Il n’est pas invoqué en l’espèce un changement du compteur kilométrique ce qui rend sans objet la référence au décret du 4 octobre 1978 qui impose un réglage du nouveau compteur par report du kilométrage antérieur.
Au regard des écritures de M. X et des circonstances de l’espèce, la Cour retient qu’il fonde sa demande envers M. Z sur le défaut de conformité du véhicule que constitue le kilométrage erroné.
Et, il résulte du rapport ACE que la lecture de la clé du véhicule par le réseau BMW a fait apparaître un kilométrage de 271920 km le 15 février 2014 et de 175061 km le 19 août 2014 soit une minoration de 96859 km. Les relevés kilométriques ultérieurs par lecture de clé ou du compteur lors des diverses interventions sur le véhicule sont par ailleurs cohérents avec le kilométrage mentionné lors des ventes successives Pavolik-Z (216 800 km) et Z-X (218 000 km).
Lors de la vente du véhicule par M. Z à M. Y, le 30 mars 2017, le kilométrage indiqué à M. Y était donc déjà erroné, la modification du kilométrage réel étant intervenue entre le 15 février 2014 et le 19 août 2014.

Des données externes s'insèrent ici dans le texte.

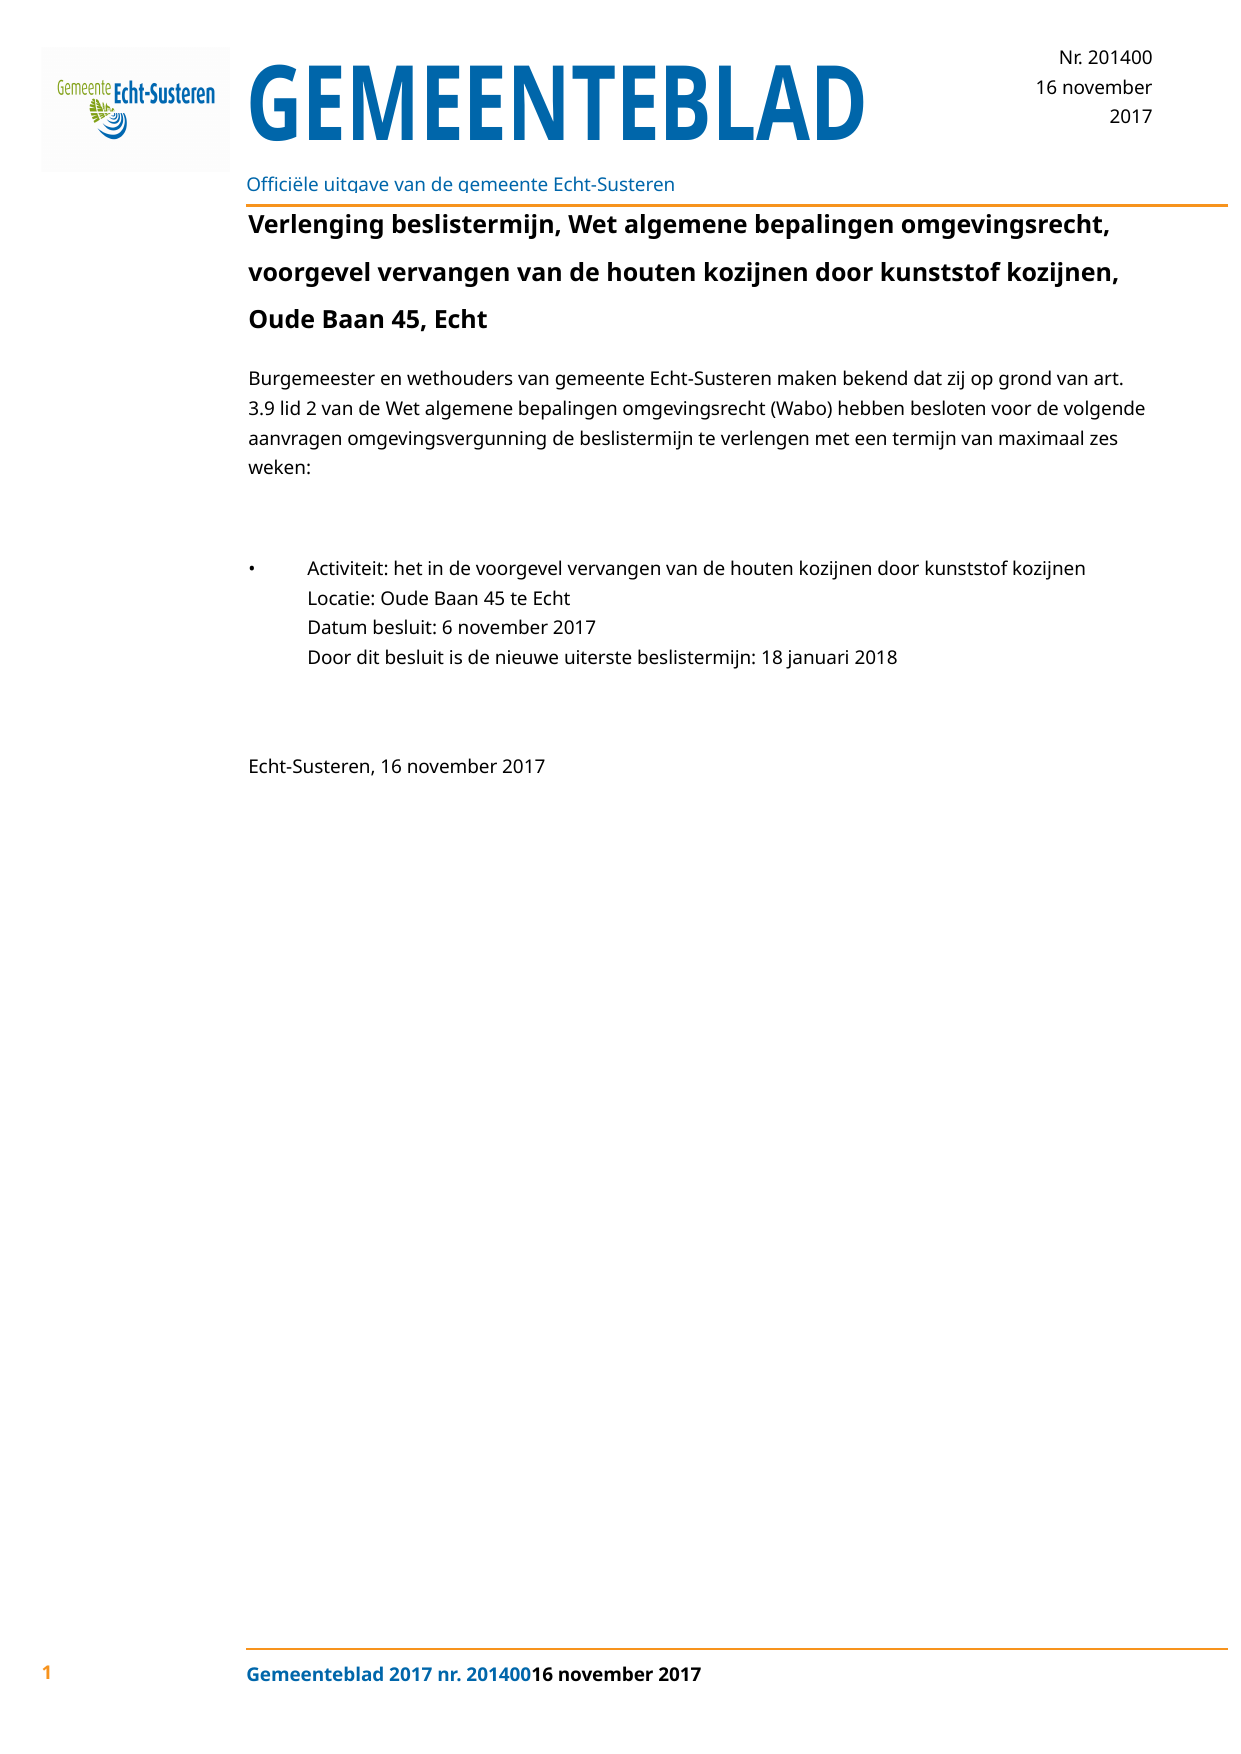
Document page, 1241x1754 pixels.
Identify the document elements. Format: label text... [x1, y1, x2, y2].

text Verlenging beslistermijn, Wet algemene bepalingen omgevingsrecht, voorgevel vervangen van de houten kozijnen door kunststof kozijnen, Oude Baan 45, Echt [248, 207, 1152, 336]
list Datum besluit: 6 november 2017 [248, 614, 1152, 640]
list Door dit besluit is de nieuwe uiterste beslistermijn: 18 januari 2018 [248, 644, 1152, 669]
picture [41, 47, 231, 172]
text Echt-Susteren, 16 november 2017 [248, 753, 1152, 779]
list Activiteit: het in de voorgevel vervangen van de houten kozijnen door kunststof kozijnen [248, 555, 1152, 581]
text Burgemeester en wethouders van gemeente Echt-Susteren maken bekend dat zij op grond van art. 3.9 lid 2 van de Wet algemene bepalingen omgevingsrecht (Wabo) hebben besloten voor de volgende aanvragen omgevingsvergunning de beslistermijn te verlengen met een termijn van maximaal zes weken: [248, 366, 1152, 480]
list Locatie: Oude Baan 45 te Echt [248, 585, 1152, 610]

Or, en présence de la mention d’un kilométrage sans spécification d’une clause de kilométrage garanti ou non garanti, le kilométrage erroné constitue un manquement à l’obligation de livraison conforme de sorte que M. X est fondé à obtenir la résolution de la vente conclue avec M. Z et la restitution du prix perçu par celui-ci-ci soit la somme de 6 500 €, le jugement étant infirmé de ce chef.
M. X, qui fonde sa demande en dommages et intérêts envers M. Z sur l’article 1645 du code civil applicable uniquement en matière de vices cachés, sera débouté de ce chef de demande.
M. Z qui succombe devra supporter les dépens de première instance et d’appel, avec recouvrement dans les conditions de l’article 699 du code de procédure civile.
M. X, qui succombe dans ses demandes à l’égard de M. Y, devra verser à celui-ci la somme de 1500 € au titre des frais irrépétibles exposés en cause d’appel.
M. Z sera quant à lui condamné à verser à M. X une somme identique sur le même fondement.
PAR CES MOTIFS
La Cour,
Confirme le jugement sauf en ce qu’il a rejeté les demandes envers M. Z et en ce qu’il a condamné M. X aux dépens,
Statuant à nouveau et y ajoutant,
Constate que M. X ne demande plus à être relevé et garanti par M. Z,
Prononce la résolution de la vente du véhicule BMW, modèle série 5, immatriculé E-133-AK, conclue entre M. X et M. Z le 30 mars 2017,
Condamne M. Z à verser à M. X la somme de 6500 € au titre de la restitution du prix de vente,
Dit qu’une fois en possession du véhicule, M. X devra laisser celui-ci à la disposition de M. Z, l’enlèvement de ce dernier étant à la charge de M. Z,
Déboute M. X de sa demande en dommages et intérêts envers M. Z,
Condamne M. X à verser à M. Y la somme de 1500 € en application de l’article 700 1° du code de procédure civile,
Condamne M. Z à verser à M. X la somme de 1500 € au titre de l’article 700 1° du code de procédure civile,
Condamne M. Z aux dépens de première instance et d’appel avec recouvrement dans les conditions de l’article 699 du code de procédure civile.